Instructions for the task | The response should consist only of the lines from the one with "Reply with space-delimited" to the end of the data below, copied exactly and without pictures.

(Items from a dataset)
□ □ □ □ □ □ □
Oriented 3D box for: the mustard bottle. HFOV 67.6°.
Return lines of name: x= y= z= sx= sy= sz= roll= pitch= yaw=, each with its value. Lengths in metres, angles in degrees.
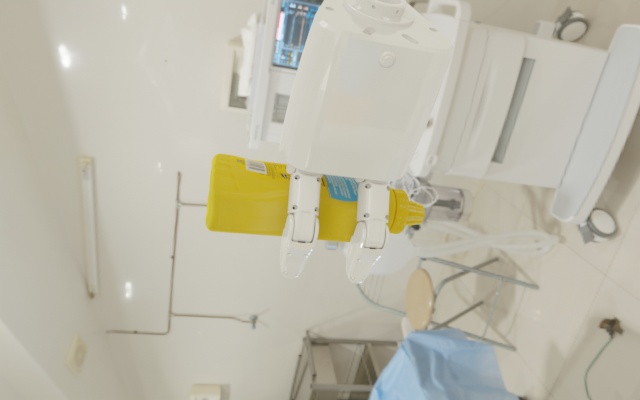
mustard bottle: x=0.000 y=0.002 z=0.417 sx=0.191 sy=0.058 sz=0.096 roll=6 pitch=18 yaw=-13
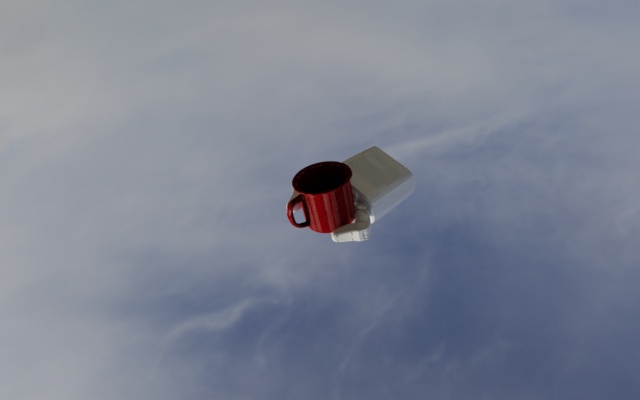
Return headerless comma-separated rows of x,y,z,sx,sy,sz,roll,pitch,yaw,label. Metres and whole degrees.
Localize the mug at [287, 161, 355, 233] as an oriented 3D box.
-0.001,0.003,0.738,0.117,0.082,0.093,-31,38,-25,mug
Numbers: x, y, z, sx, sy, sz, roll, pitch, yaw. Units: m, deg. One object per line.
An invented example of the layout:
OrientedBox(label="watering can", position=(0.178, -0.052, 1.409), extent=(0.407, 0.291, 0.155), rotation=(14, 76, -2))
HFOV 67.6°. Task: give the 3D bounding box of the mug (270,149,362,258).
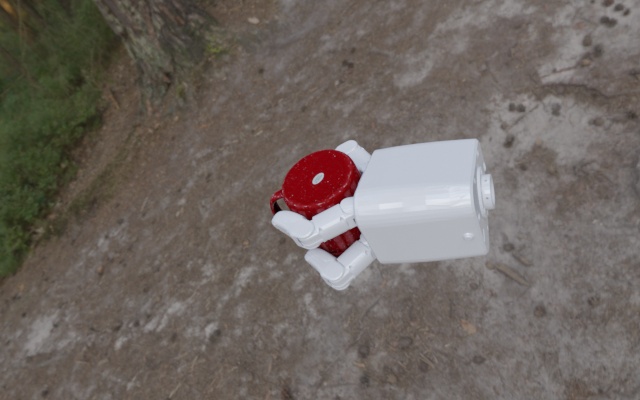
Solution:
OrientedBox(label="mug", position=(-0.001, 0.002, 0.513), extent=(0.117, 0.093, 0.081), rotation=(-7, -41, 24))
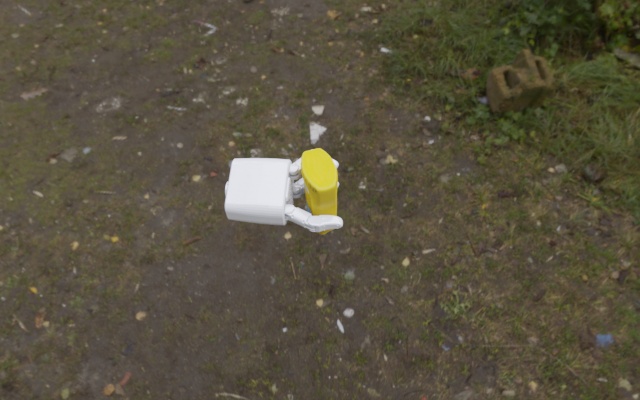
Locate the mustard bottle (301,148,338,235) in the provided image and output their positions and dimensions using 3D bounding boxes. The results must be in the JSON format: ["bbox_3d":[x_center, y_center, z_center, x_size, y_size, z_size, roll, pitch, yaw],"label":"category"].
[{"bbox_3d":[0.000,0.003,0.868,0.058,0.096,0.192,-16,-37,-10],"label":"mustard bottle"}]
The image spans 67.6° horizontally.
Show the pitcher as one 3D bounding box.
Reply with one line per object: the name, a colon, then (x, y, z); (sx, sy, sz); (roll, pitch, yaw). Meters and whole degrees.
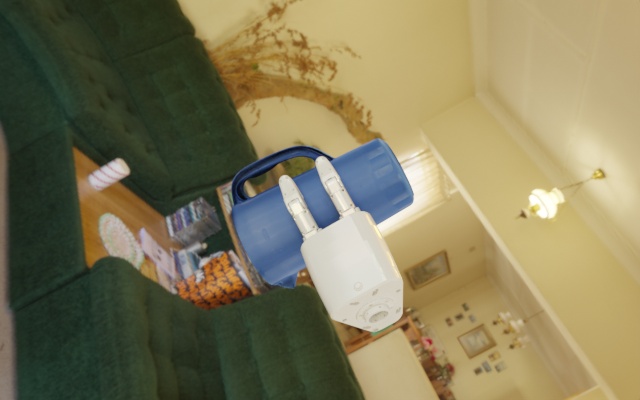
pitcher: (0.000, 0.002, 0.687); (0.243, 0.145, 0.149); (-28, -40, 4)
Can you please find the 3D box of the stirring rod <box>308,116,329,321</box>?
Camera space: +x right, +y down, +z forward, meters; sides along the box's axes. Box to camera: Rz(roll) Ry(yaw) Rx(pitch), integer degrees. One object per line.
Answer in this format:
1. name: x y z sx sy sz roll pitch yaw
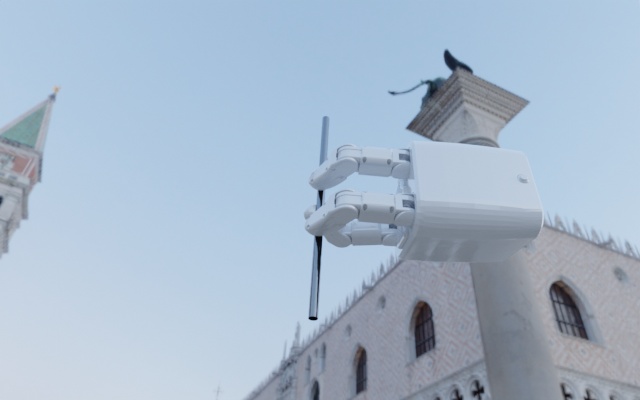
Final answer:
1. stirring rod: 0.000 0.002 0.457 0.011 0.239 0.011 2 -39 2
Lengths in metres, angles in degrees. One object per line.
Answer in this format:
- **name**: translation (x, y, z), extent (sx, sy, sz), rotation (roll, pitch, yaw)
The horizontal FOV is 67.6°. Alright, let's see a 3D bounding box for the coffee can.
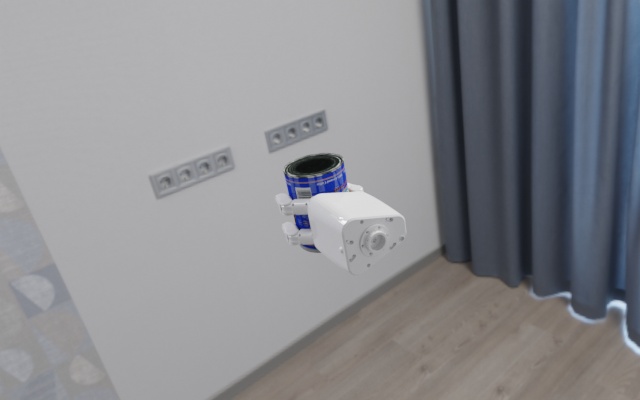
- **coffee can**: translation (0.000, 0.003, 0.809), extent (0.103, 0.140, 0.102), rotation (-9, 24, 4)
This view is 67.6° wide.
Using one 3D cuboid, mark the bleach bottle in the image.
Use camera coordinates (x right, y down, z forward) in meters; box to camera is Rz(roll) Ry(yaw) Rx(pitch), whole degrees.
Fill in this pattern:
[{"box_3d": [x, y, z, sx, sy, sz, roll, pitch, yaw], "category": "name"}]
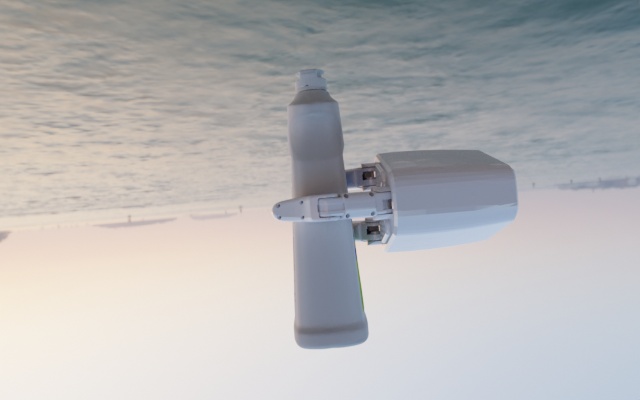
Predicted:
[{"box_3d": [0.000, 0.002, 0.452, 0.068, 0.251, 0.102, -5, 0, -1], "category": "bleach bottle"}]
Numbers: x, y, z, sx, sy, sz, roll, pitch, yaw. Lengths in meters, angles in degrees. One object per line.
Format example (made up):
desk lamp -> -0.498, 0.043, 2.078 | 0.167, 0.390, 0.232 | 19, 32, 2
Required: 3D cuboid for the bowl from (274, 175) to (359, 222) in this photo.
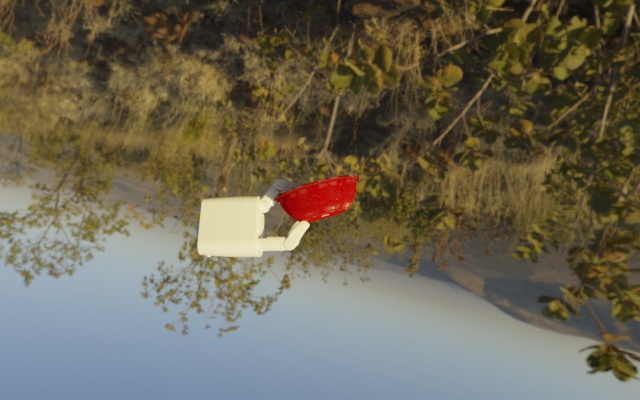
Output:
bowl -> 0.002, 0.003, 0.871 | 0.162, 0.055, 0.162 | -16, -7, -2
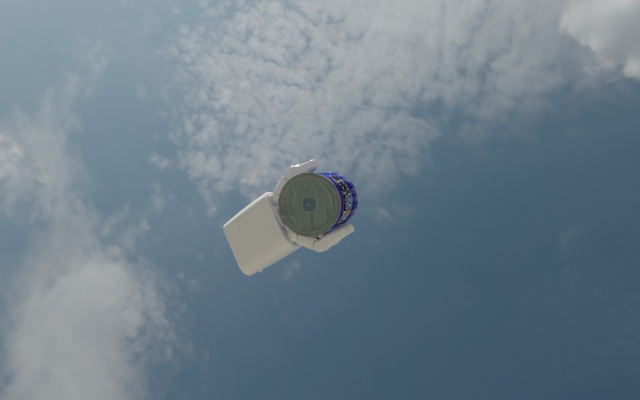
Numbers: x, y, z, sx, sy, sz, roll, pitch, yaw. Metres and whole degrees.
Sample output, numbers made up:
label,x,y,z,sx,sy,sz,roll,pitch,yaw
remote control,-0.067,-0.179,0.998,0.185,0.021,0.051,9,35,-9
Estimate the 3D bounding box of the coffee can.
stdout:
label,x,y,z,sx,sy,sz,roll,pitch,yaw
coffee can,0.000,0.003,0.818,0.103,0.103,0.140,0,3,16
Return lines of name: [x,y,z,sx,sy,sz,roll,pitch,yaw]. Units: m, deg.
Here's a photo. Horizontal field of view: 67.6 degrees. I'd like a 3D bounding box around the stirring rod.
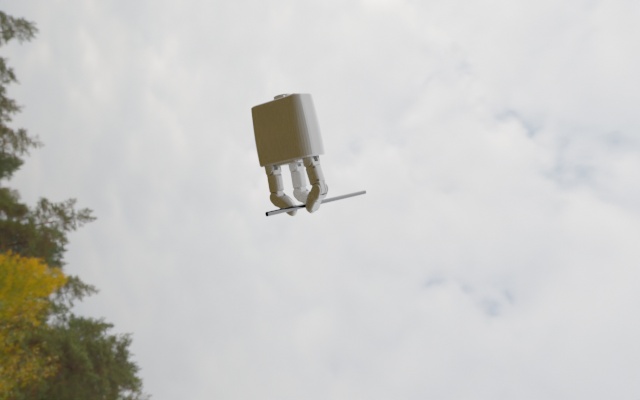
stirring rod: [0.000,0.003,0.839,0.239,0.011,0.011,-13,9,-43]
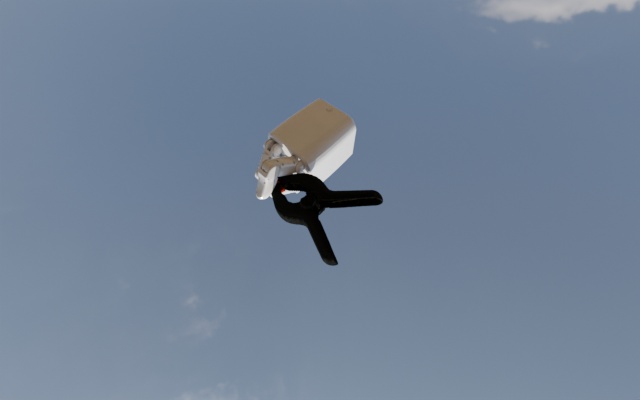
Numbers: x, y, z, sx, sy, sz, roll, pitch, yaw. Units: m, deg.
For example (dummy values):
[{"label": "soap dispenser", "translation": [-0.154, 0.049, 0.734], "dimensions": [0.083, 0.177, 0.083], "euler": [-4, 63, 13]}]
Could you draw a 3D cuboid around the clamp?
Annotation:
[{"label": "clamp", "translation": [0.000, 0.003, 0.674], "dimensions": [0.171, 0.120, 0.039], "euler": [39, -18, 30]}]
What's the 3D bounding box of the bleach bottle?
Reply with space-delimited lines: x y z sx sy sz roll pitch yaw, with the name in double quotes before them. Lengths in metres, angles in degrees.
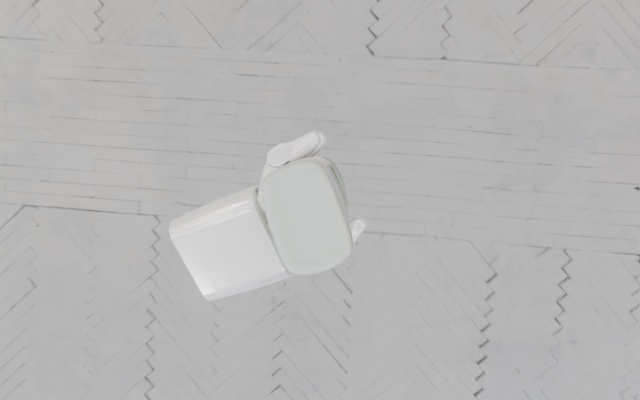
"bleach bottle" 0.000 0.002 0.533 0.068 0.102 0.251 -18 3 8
□ □ □ □ □ □ □
Written answer |
Reply with space-delimited lines: x y z sx sy sz roll pitch yaw, with the name in double quotes before them. Lengths in metres, angles in degrees.
"bleach bottle" 0.000 0.002 0.533 0.068 0.102 0.251 -18 3 8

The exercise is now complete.